Sin la resurrección de Jesucristo, su misión hubiese sido un fracaso, pues el Verbo, Hijo de Dios, Jesucristo, quien se ofreció como víctima ante el Padre para rescatar a los hombres de su pecado, hubiese sido víctima del pecado de los hombres y por consecuencia su misión. Al afirmar que la Resurrección es el triunfo de la Vida, entonces la cruz no queda como signo de fracaso sino del amor, del compromiso y de la entrega radical del Reino, pues Jesucristo es la fuerza que salva y el Reino de Dios en la tierra es la fuerza salvadora de Jesucristo aún después de la muerte, en su resurrección.

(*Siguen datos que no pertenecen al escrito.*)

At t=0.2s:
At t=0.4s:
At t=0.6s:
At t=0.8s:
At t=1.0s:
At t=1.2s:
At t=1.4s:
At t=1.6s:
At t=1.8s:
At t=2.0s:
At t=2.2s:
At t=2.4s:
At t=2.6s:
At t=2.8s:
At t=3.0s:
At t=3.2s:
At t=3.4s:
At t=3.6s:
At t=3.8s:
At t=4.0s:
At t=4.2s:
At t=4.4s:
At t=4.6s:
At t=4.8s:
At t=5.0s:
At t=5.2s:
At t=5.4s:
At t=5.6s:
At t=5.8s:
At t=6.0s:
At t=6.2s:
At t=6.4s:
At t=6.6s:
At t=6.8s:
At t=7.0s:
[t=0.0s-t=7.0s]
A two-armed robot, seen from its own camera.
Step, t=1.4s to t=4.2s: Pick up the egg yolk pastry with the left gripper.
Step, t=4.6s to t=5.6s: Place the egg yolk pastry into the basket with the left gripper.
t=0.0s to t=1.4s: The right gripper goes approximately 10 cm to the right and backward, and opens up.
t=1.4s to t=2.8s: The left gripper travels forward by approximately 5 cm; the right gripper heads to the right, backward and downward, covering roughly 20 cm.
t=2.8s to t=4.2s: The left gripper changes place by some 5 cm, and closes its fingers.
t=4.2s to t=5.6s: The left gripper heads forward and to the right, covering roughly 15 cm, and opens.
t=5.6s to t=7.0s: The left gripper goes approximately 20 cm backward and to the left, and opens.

La noticia de la resurrección de Jesucristo es extraordinaria para el hombre, ya que en su naturaleza humana es igual a nosotros y participa de toda experiencia humana excepto en el pecado, y sí el destino del hombre es morir, Jesucristo igual, pero Él, que era de nuestra raza resucitó, por lo tanto, nosotros también resucitaremos, pues Sú resurrección es la garantía de la nuestra. Pero es importante que estemos conscientes que tanto el alma y el cuerpo son signos de salvación o sea del hombre completo, por lo tanto la resurrección de Jesucristo y la promesa de la nuestra son el fundamento de nuestra responsabilidad como cristianos, tanto en el orden social, ya que el Decálogo, que Jesús le dio plenitud, fundamenta nuestra moral cristiana que exige una preocupación por el desarrollo integral del hombre, tanto en su dignidad como persona humana, en sus actividades y comunidades humanas, en su progreso cultural, como también en la castidad considerada no solamente como un cumplimiento de un precepto, sino como respeto a la dignidad del cuerpo humano.

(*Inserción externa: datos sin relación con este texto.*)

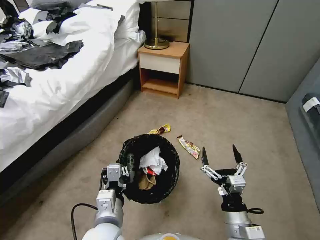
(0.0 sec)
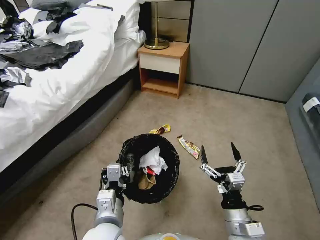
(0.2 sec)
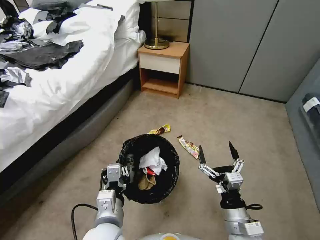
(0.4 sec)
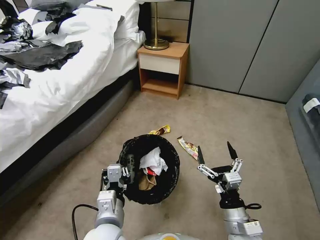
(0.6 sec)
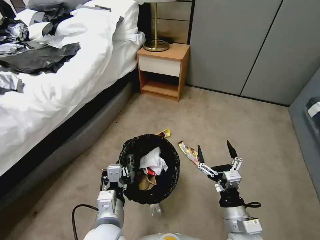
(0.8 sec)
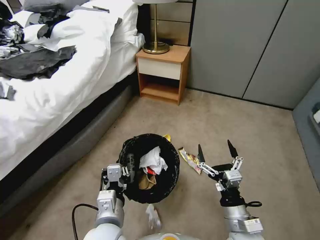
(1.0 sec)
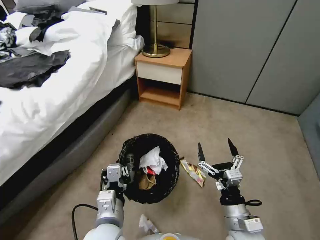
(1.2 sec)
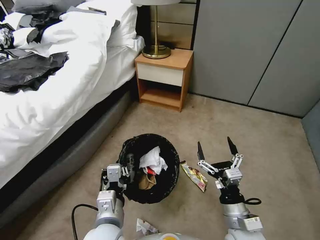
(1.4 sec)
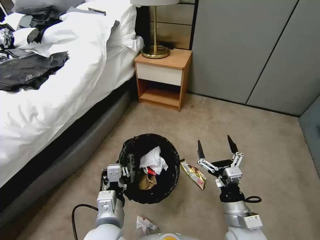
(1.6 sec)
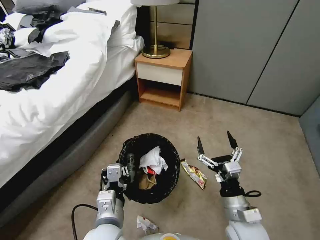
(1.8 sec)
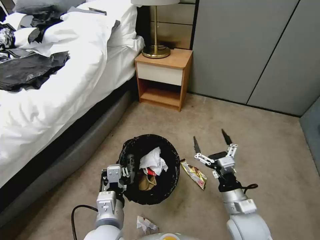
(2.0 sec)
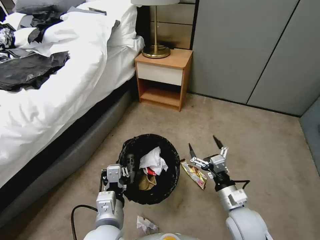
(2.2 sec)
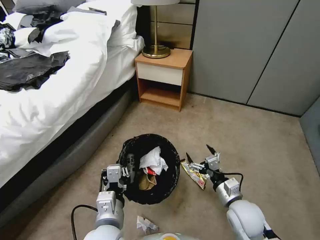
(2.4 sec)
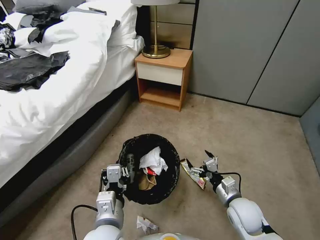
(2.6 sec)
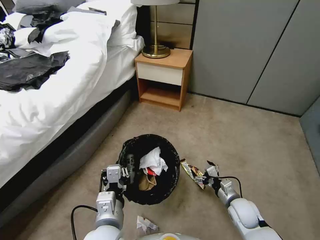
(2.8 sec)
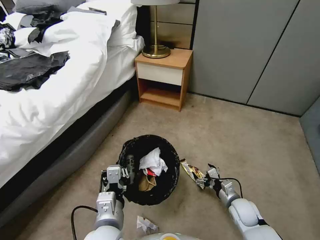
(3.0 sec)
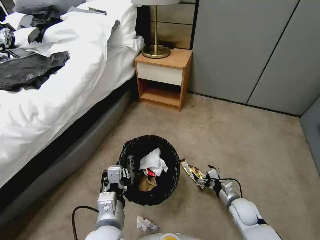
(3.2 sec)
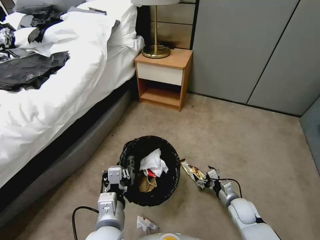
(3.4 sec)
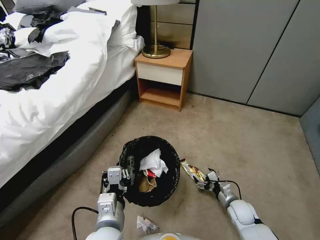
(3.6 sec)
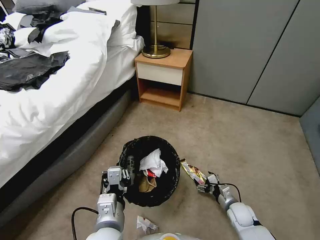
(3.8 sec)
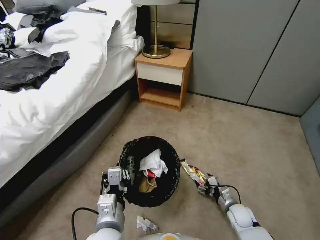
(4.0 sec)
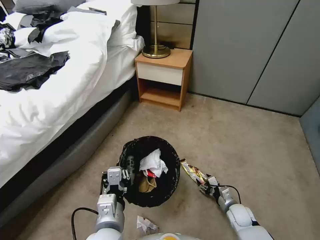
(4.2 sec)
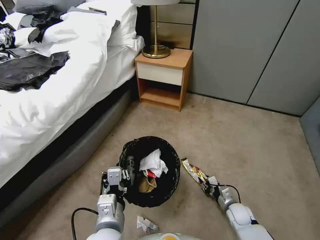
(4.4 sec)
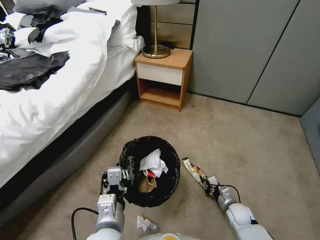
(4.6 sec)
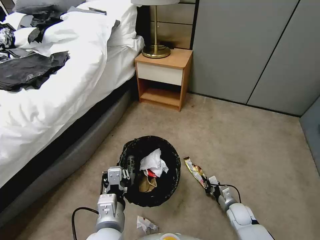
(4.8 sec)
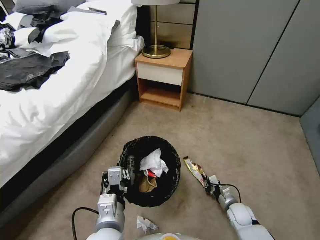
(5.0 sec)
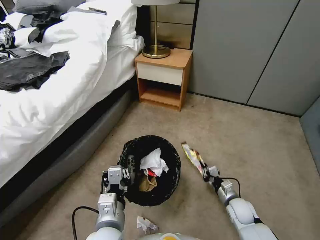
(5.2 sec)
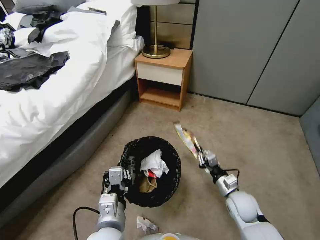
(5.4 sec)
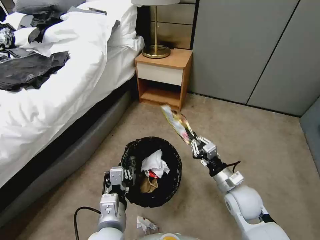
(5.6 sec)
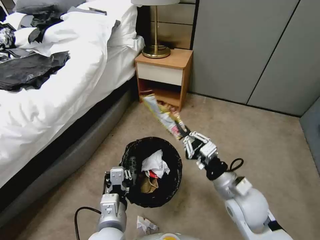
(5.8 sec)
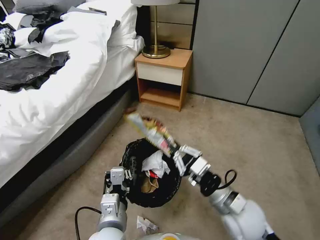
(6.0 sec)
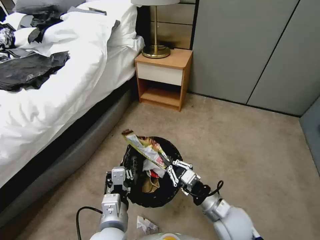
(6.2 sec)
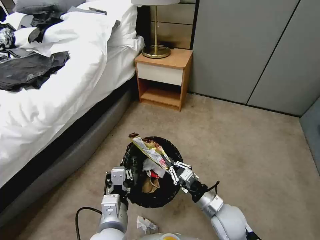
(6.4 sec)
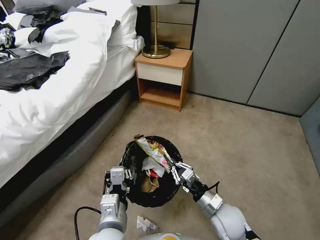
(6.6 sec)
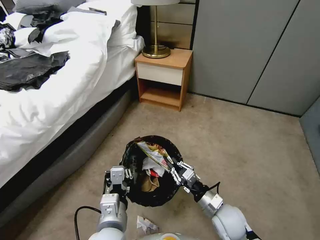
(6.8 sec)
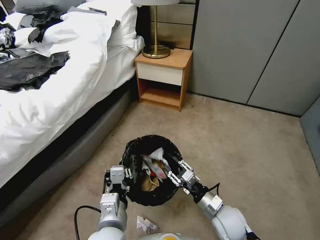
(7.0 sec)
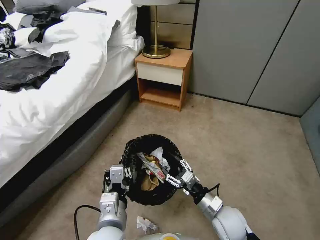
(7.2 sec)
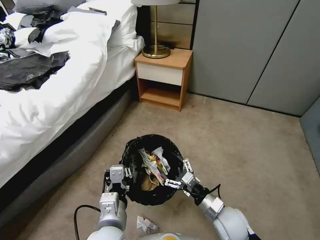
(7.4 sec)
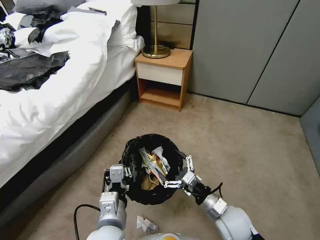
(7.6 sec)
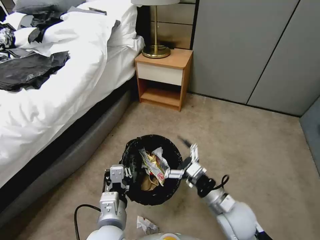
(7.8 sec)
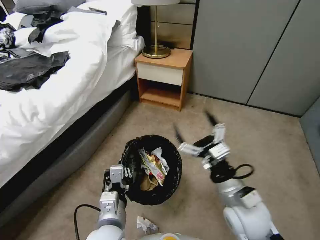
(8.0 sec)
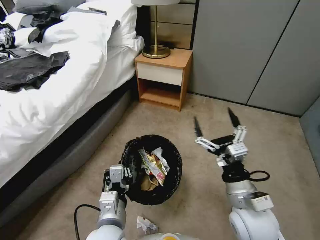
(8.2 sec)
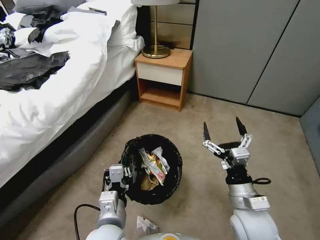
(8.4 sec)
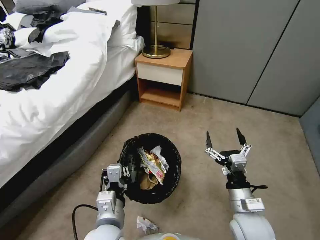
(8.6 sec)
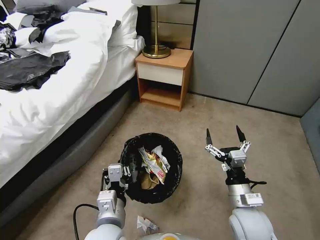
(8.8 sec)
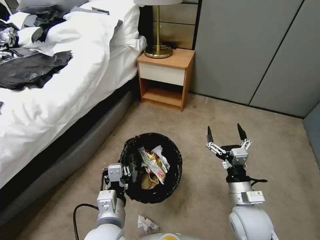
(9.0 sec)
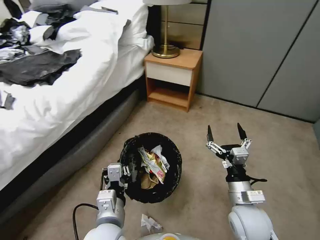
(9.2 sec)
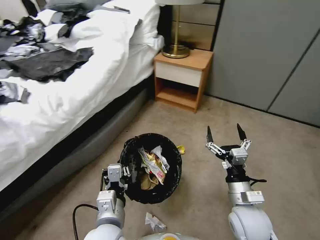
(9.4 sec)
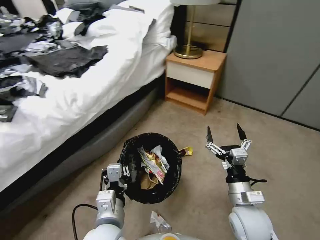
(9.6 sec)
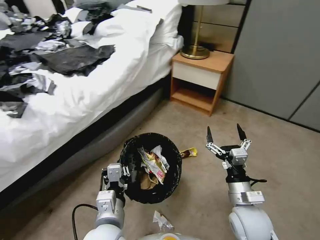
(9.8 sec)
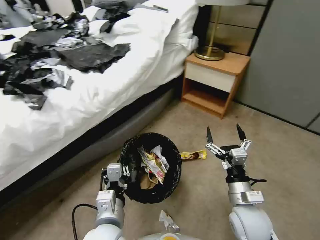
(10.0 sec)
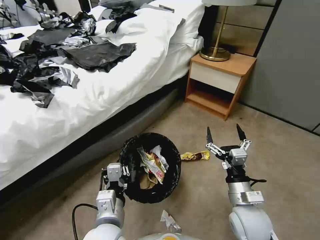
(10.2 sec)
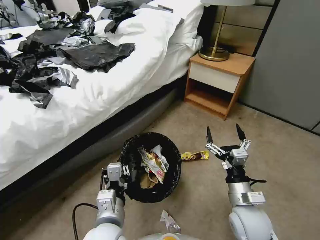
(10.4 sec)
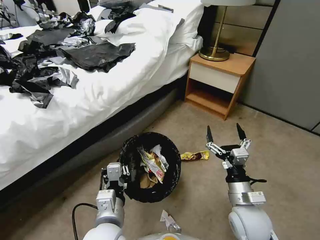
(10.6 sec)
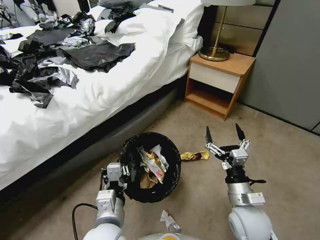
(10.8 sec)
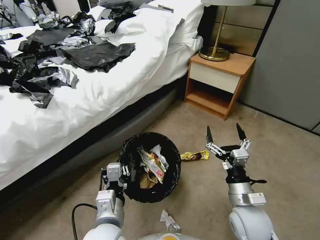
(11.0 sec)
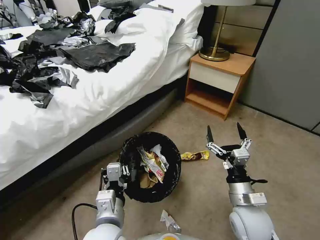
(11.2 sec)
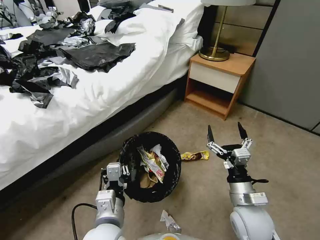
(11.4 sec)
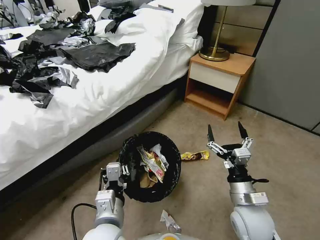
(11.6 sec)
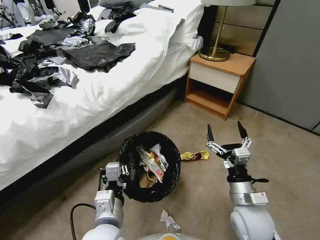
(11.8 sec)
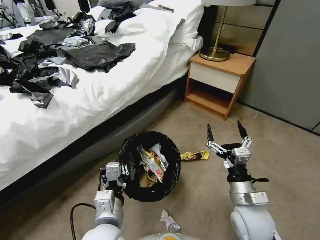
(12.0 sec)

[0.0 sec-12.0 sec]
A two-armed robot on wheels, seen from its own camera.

Como cristianos debemos suscitar en los hombres la esperanza de la resurrección, don del Espíritu Santo y, si la Resurrección es la plenitud de la Encarnación, y si la Encarnación es la máxima expresión del amor de Dios a los hombres (si es permitido decirlo así), entonces con la resurrección del Verbo Hijo de Dios, Jesucristo, se nos da la oportunidad de devolver amor por amor.